Groundwater levels within the gravel deposits should be taken into consideration during construction of the cut-off wall and the dam core and shoulders. An assessment of groundwater conditions in the site area should be carried out. This should involve groundwater piezometers being installed during the geotechnical investigation. The piezometers should be monitored at regular intervals during and following the investigation.

Relocation of roads and houses within the potential area inundated by the retained flood waters will be necessary.

6.2.2.4 Environmental

An environmental desktop review was conducted for the proposed dam Scheme S2 located along the Sheep River (Appendix C). To date, no environmental field investigations have been conducted for this project. As such, there is potential for permitting requirements to change once field conditions are confirmed and engineering designs finalized. There are multiple environmental concerns associated with the proposed S2 scheme.

The S2 project location contains numerous protected areas. These include Key Wildlife and Biodiversity Zones, which restrict construction activities between December 15 and April 30 (Appendix C, Figure 4-2). S2 also falls within the Sensitive Raptor Range and Sharp-tailed Grouse Range layers (Appendix C, Figure 4-2).

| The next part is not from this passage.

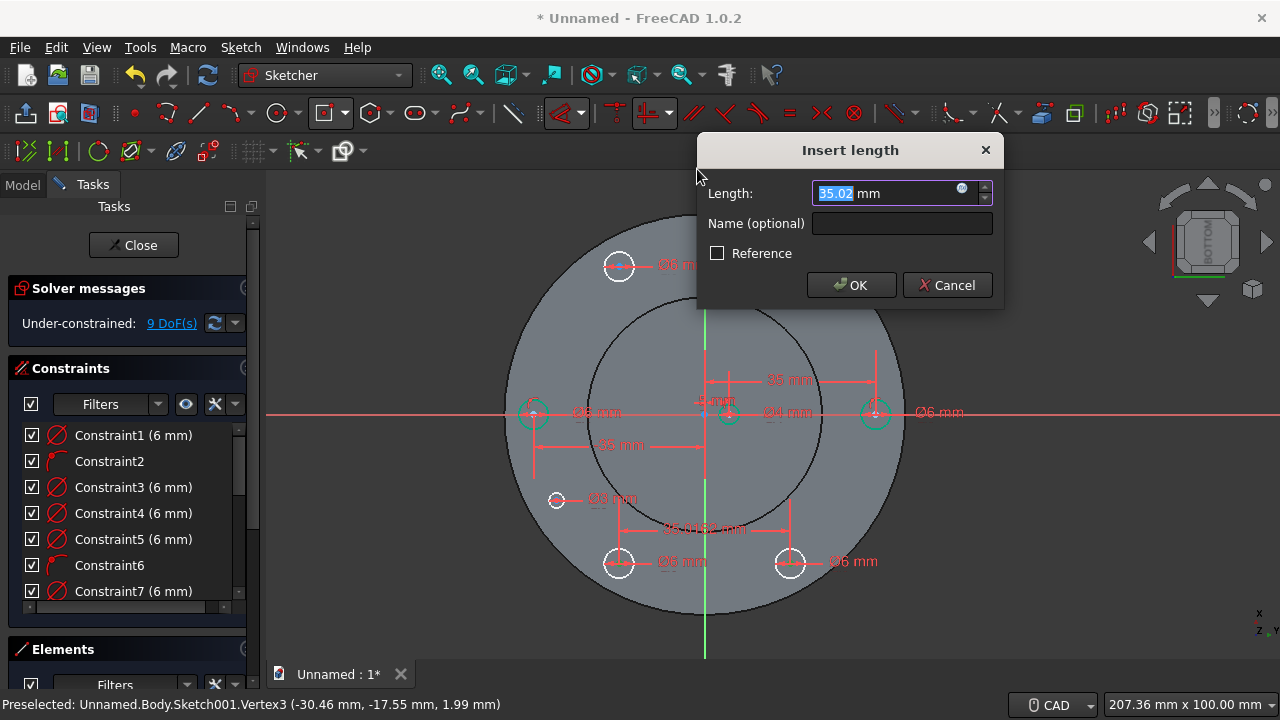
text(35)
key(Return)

Environmentally Significant Areas (ESAs) are places in Alberta that are important to the long-term maintenance of biological diversity, soil, water, or other natural processes, at multiple spatial scales. There are no ESAs documented within the S2 project area. There are also no impacted Land Use Zones or Land Use Areas, but S2 falls within the Spray Lake Sawmills Forest Management Area.

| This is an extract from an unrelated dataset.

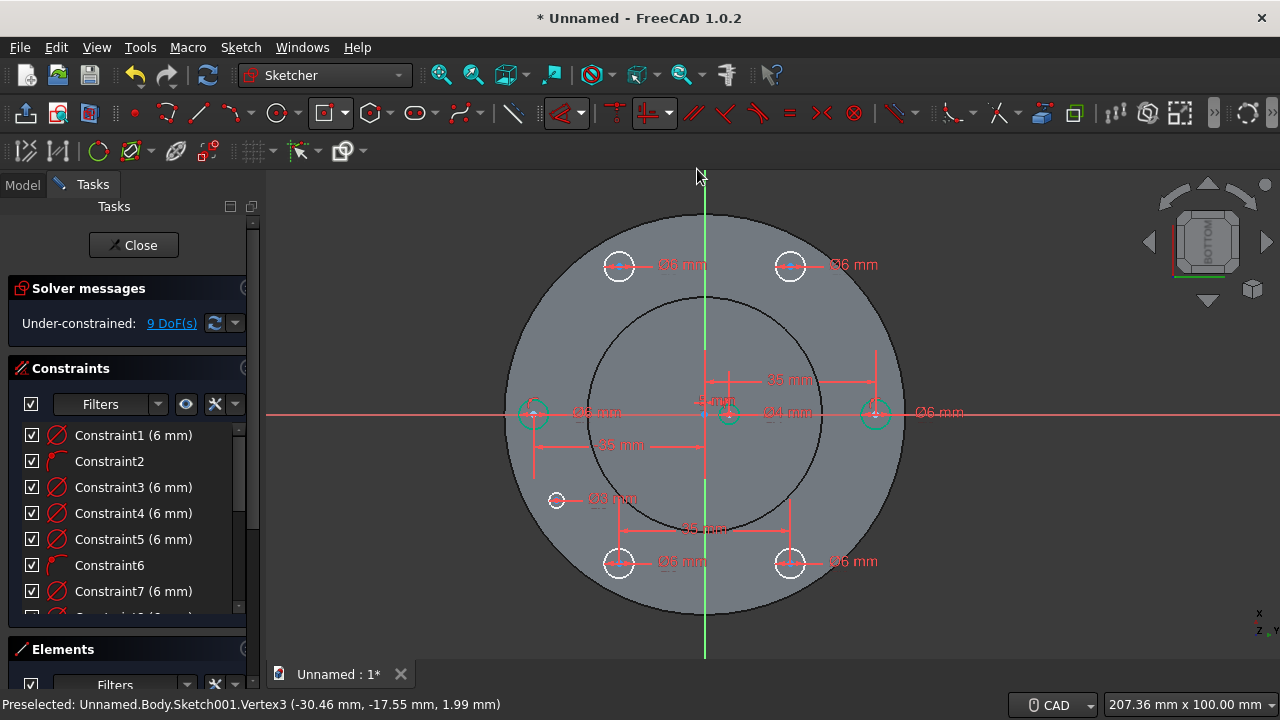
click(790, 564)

Scheme S2 is located within the Montane Subregion of the Rocky Mountain Natural Region of Alberta. The surrounding landscape of the local area is broadly characterized as an undulating landform of high relief, with Orthic Black Chernozem soils associated with grasslands of the area and Gray Luvisols associated within wooded areas surrounding the river (Appendix C, Figure 4-3). No records of rare plants were documented within the S2 Project area, but they may still exist on site. Rare plant surveys will be required prior to any construction activities.

No wetlands have been formally identified within the S2 project area. Prior to construction, a wetland inventory must be completed to identify any temporary wetlands in the area. As per the Water Act (GOA 2013a), all wetlands that fall within the white zone are protected and any impacts to a wetland as a result of the proposed project will require compensation.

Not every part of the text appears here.